The house is a mix of East and West- the bedroom doors and such slide, but the front door is Western style. The kitchen and dining area is also Western, but the dining area can easily become Japanese style. For breakfast I had oranges, egg, bread and salad. For whatever reason, it was really good.
Hiromi-san and I met up with Mark and Dongi's host mother (who's name I currently forget) while Touru-San when fishing. We later found out he caught 3 fish.
Together, we all went to this really cool submarine museum. It was a lot of stuff about detonating mines and such. I didn't understand most of it, but there were many interesting artifacts. We then got to go into a real submarine. I was surprised about how small it was- for some reason I thought it was going to be bnigger. The submarine itself was quite large, but most of the space was not for people to tour around.
Over the course of the day, we kept meeting up with Flick and Theresa. Apparently their host family is very traditional and the mother wears kimono all the time. I think that is pretty cool!
We then went to this cultural festival thing, which was basically for Kure City to show off how multicultural they were. The main thing was to go to each country booth (Brazil, China, Korea, Japan, the library, Austraila) and get the stamp for that country. After that, one could collect a prize. At the Japanese room (instead of a booth) there was calligraphy. Hiromi-San wrote my Japanese name very prettily for me. I wrote a couple of words very messily, and am glad I have something nice looking to take back with me.
There was also a tea ceremony, granted an abbreviated on. We sat down and were served sweets (which I later realised had red bean in it, though nothing has happened to me yet so I think I'm not allergic to it) that were very tasty. Then the tea was brought out. It was bitter but very good, I liked it a lot. Then again, I liked the Vegemite given out at the Australia booth. Anyways, everything was carefully choreographed and generally very formal. It was peaceful and time sort of stopped. Apparently it took 30 mins, but it felt like 5.
At the Culture Festival there was also a fashion show for the various countries. Japan was obviously well-represented. No one clapped for Korea even though two really cute little kids walked out. The Chinese outfit made me cringe (not traditional) and the horrible American cowboys with their annoying country music was so funny I almost died laughing. I hate to think what Japanese people must think of 'Americans' with huge cowboy hats and banjos.

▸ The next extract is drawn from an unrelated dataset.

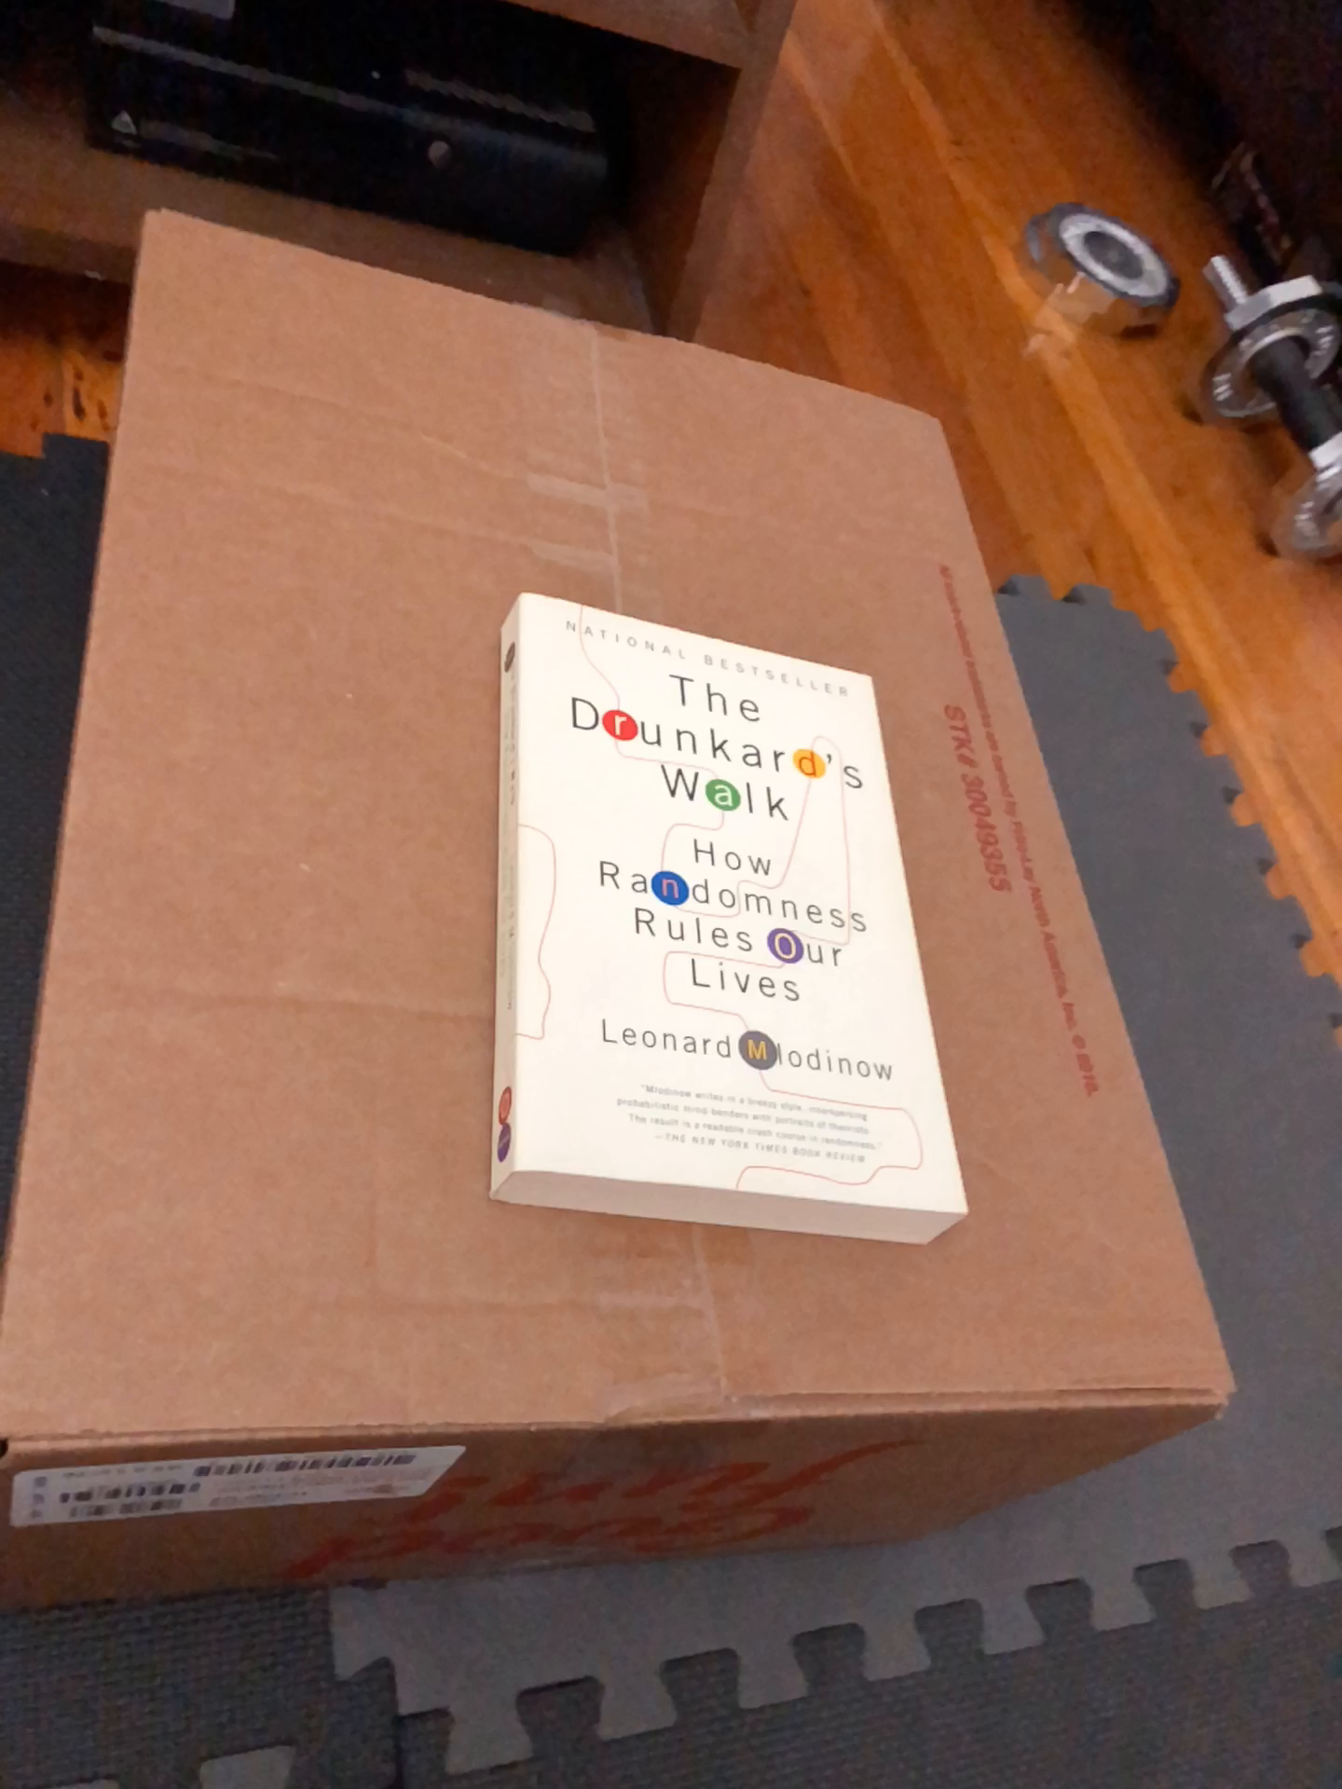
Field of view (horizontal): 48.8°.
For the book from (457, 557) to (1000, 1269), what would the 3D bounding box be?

Dongi and Mark ended up going shopping after that, while I looked around the shopping centre. Their host mother ended up buying me some cookies, which makes me feel kind of bad because I can't figure out a way to repay her other than bowing and saying thank you.
Now back at Hiromi-san's house, waiting to go to the other host home. Apparently she's kicking me out for an hour so she can cook, and then inviting everyone back for dinner. This is going to be really 'oiishi' or whatever it is in Romaji. Just gave Hiromi-San the present, she liked it a lot. Not certain if this is her first time hosting (I may just be the first one from Singapore), but she still put the Merlion by her window. She also gave me a hug, which is pretty unusual in Japan. They are bowing-type people, not hugging type. So that was surprising, but nicel
I've been trying to use/learn Japanese whenever I can during this home stay. It's not easy and I feel like I make a lot of mistakes, but it's the attempt that counts.
Also, sorry if this is really badly written. I normally check over my blog posts, but since I'm on my iPad typing with very cold fingers (Japanese houses have no central heating or anything, it's all space heaters and blankets) I cannot check what I wrote. Oh well.
Will try to post tomorrow.
It's weird, I feel like I've been in Japan for a while.